Griffin was the last of James II’s creations to be accepted by the House following the 1688 revolution. His family was said to be of Welsh descent, though by the seventeenth century they had settled in Northamptonshire at Dingley. According to some sources he was related to both William Shakespeare and Francis Bacon† (Viscount St Albans).
Griffin’s father, Sir Edward, achieved some distinction at court, being appointed treasurer of the chamber to Charles I and, after the Restoration, to Charles II. Griffin succeeded his father in this post and as such served both Charles II and James II. A close companion of James when duke of York, he was with the duke aboard the Gloucester and was fortunate to survive the wreck.
Griffin’s fortunes improved in the new reign. James II stood godfather to his son James Griffin, who, in theory at least, can be regarded as his successor in the barony. Griffin was appointed to local office in his native Northamptonshire in December 1687 and he was one of those who provided a deposition testifying the prince of Wales’s legitimacy in October 1688.
Griffin’s elevation was not automatically accepted. When he attempted to take his seat at the opening of the Convention, objections to his presence in the chamber were raised almost at once. Henry Booth, 2nd Baron Delamer (later earl of Warrington), was reported to have been ‘most violent in opposing Lord Griffin being admitted’, but eventually John Lovelace, 3rd Baron Lovelace (who had also initially been hostile to Griffin), surprised the House by moving for his admission.
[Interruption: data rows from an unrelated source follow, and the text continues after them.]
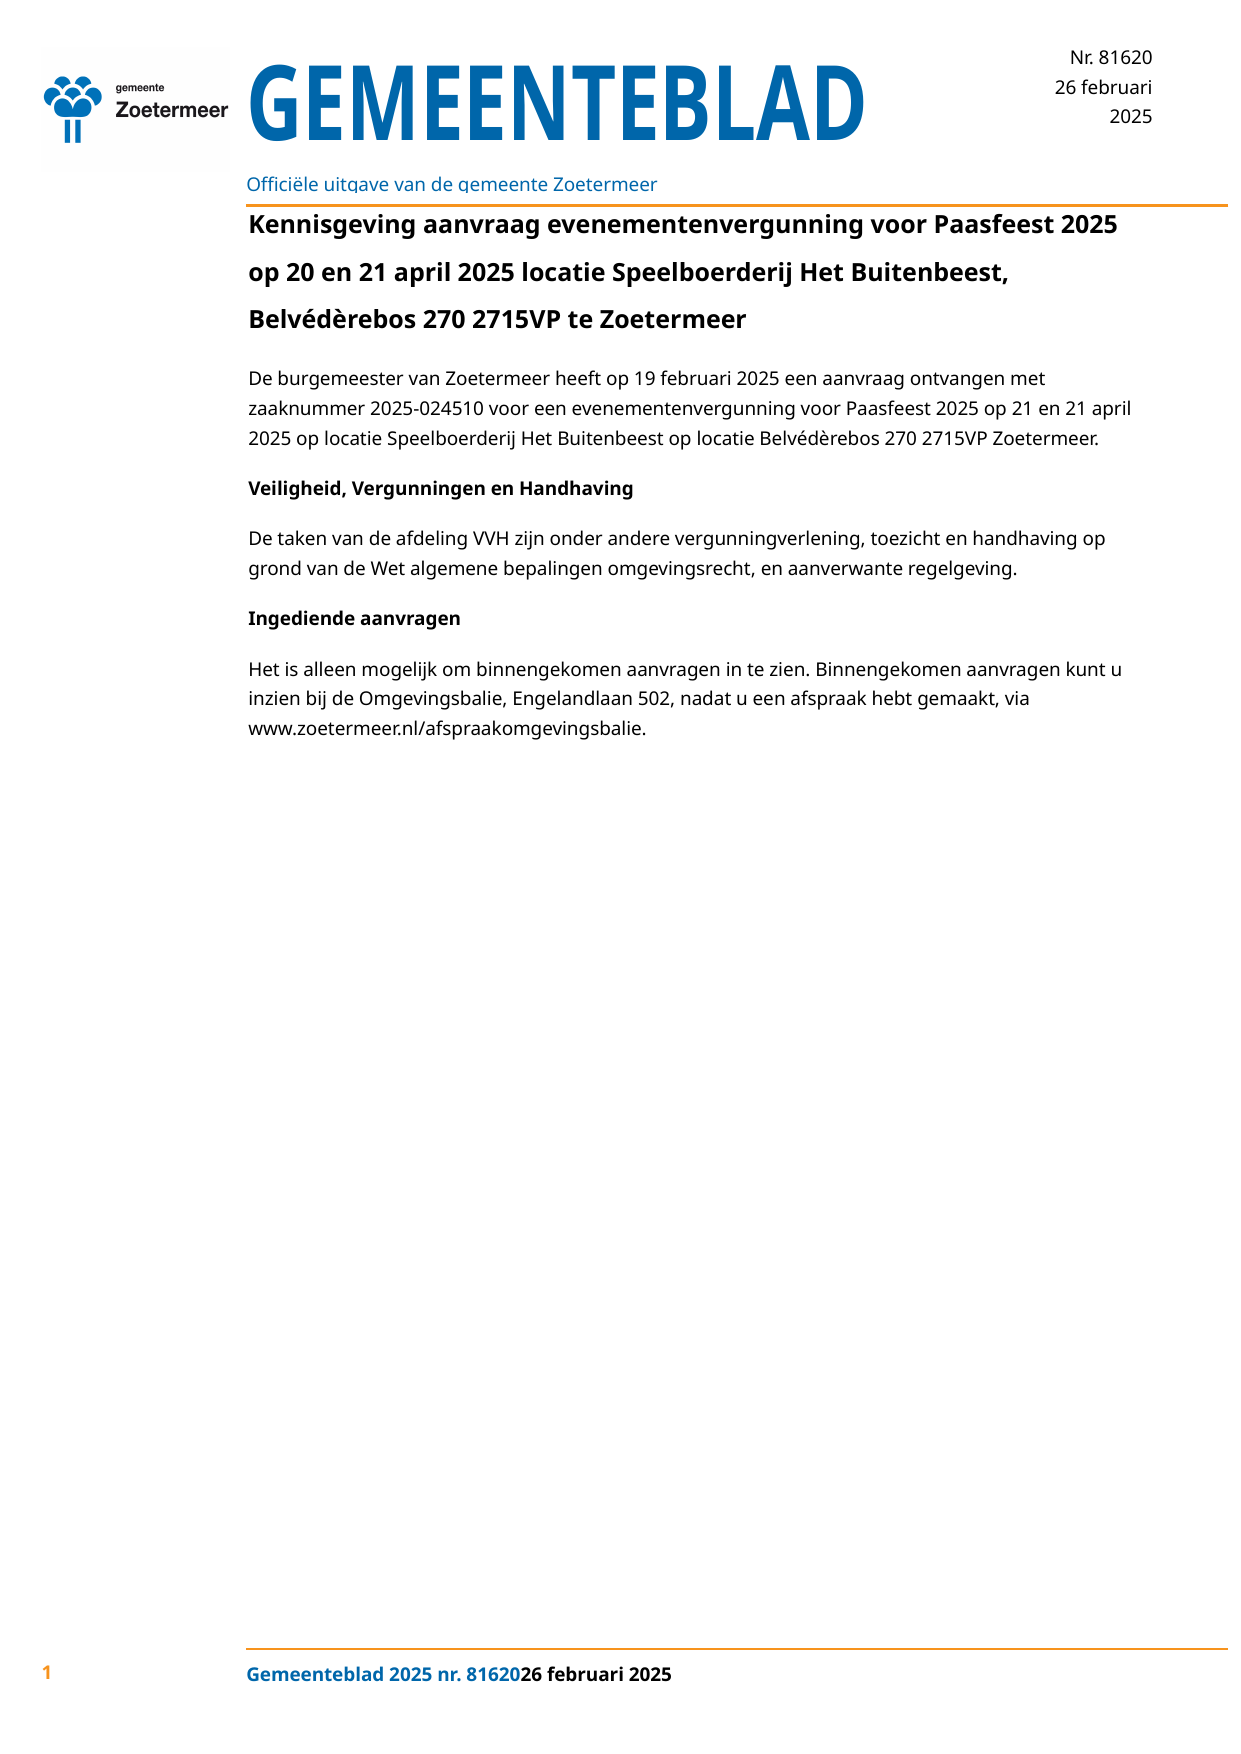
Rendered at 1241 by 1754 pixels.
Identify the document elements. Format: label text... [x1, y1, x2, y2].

text De burgemeester van Zoetermeer heeft op 19 februari 2025 een aanvraag ontvangen met zaaknummer 2025-024510 voor een evenementenvergunning voor Paasfeest 2025 op 21 en 21 april 2025 op locatie Speelboerderij Het Buitenbeest op locatie Belvédèrebos 270 2715VP Zoetermeer. [248, 366, 1152, 450]
text Veiligheid, Vergunningen en Handhaving [248, 475, 1152, 501]
text Ingediende aanvragen [248, 606, 1152, 631]
text De taken van de afdeling VVH zijn onder andere vergunningverlening, toezicht en handhaving op grond van de Wet algemene bepalingen omgevingsrecht, en aanverwante regelgeving. [248, 526, 1152, 581]
text Kennisgeving aanvraag evenementenvergunning voor Paasfeest 2025 op 20 en 21 april 2025 locatie Speelboerderij Het Buitenbeest, Belvédèrebos 270 2715VP te Zoetermeer [248, 207, 1152, 336]
text Het is alleen mogelijk om binnengekomen aanvragen in te zien. Binnengekomen aanvragen kunt u inzien bij de Omgevingsbalie, Engelandlaan 502, nadat u een afspraak hebt gemaakt, via www.zoetermeer.nl/afspraakomgevingsbalie. [248, 656, 1152, 741]
picture [41, 47, 231, 172]

Lovelace’s motivation appears to have been a desire to prevent Whig peers such as George Carteret, Baron Carteret, from being barred as well.
In April, Griffin was, unsurprisingly, removed from his place of treasurer of the chamber.
The opening of the second session of the Convention offered Griffin a final opportunity to submit to the new regime. On 19 Oct. 1689 Nottingham informed the House that Griffin had surrendered himself to him and was now waiting in the lobby. The information elicited some debate as to how Griffin might appear. Some objected that he was unable to stand in his place but that it was also inappropriate for him to appear at the bar as he was as yet not charged with anything. As a compromise, he was summoned to the Speaker’s chair. Asked if he would take the oaths, Griffin claimed to have come unprepared to do so and asked for time to make up his mind. He quit the chamber to commune with his thoughts.
Griffin’s apparent willingness to consider co-operating with the new regime proved to be a mask and he was soon involved in further plotting. Later that month his wife was arrested following the uncovering of an incompetent effort to convey messages to St. Germain secreted in the false bottoms of pewter tankards (the so-called pewter pot plot). Griffin and his son were also ordered to be arrested. Among the papers discovered was a draft warrant for Griffin to be advanced to an earldom, complete with a request that the date of the award should be backdated to before James’s abdication.
For all the farcical elements that surrounded this latest conspiracy, dismissed by Charles Hatton as ‘much more ridiculous than Mrs Cellier’s meal tub’, the plot did hint at a more serious, broader conspiracy against the fledgling regime of William and Mary. Griffin had been able to find out secret details about orders relating to the navy, which seemed to suggest that he had access to high-level information. It was also put about that he had ‘impeached at least 20 persons of note’. The House ordered him to be brought before them once more on 12 November. Again, Lovelace demonstrated himself to be an unlikely friend: he assured the House that ‘Lord Griffin would take the oaths, and offered to stand bail’.
Griffin did not remain at large for long. In July of the following year he was again imprisoned in the Tower following further Jacobite intriguing.
By the late summer of 1690 Griffin had been released once more and in September he was free to set up his horses for the races at Newmarket.
During Griffin’s absence many of his estates at Dingley and Braybrooke in Northamptonshire were confiscated, though his son, James, continued to exercise some influence in the area.
Griffin finally attempted to stage his return to England by becoming involved in the abortive 1708 Jacobite invasion. Along with the sons of Charles Middleton‡, 2nd earl of Middleton [S], he was aboard the Salisbury, the only ship in the French fleet to fall into English hands.
Griffin was brought before queen’s bench. Referred to as ‘the late lord Griffin’, his argument that he was unaware of his outlawry was rejected by the court and he was refused permission to stand trial on the basis of an error in the original declaration.
The night before the execution was due to take place, the Privy Council narrowly voted in favour of a stay of execution for a fortnight.
Griffin’s son was permitted to retain most of the family estates, and during the ministry of Robert Harley, earl of Oxford, it was rumoured that James Griffin might be restored to the peerage. In the event it was not until 1727 that George I overturned Griffin’s outlawry, accepting that an error had been made in the way that it had been declared.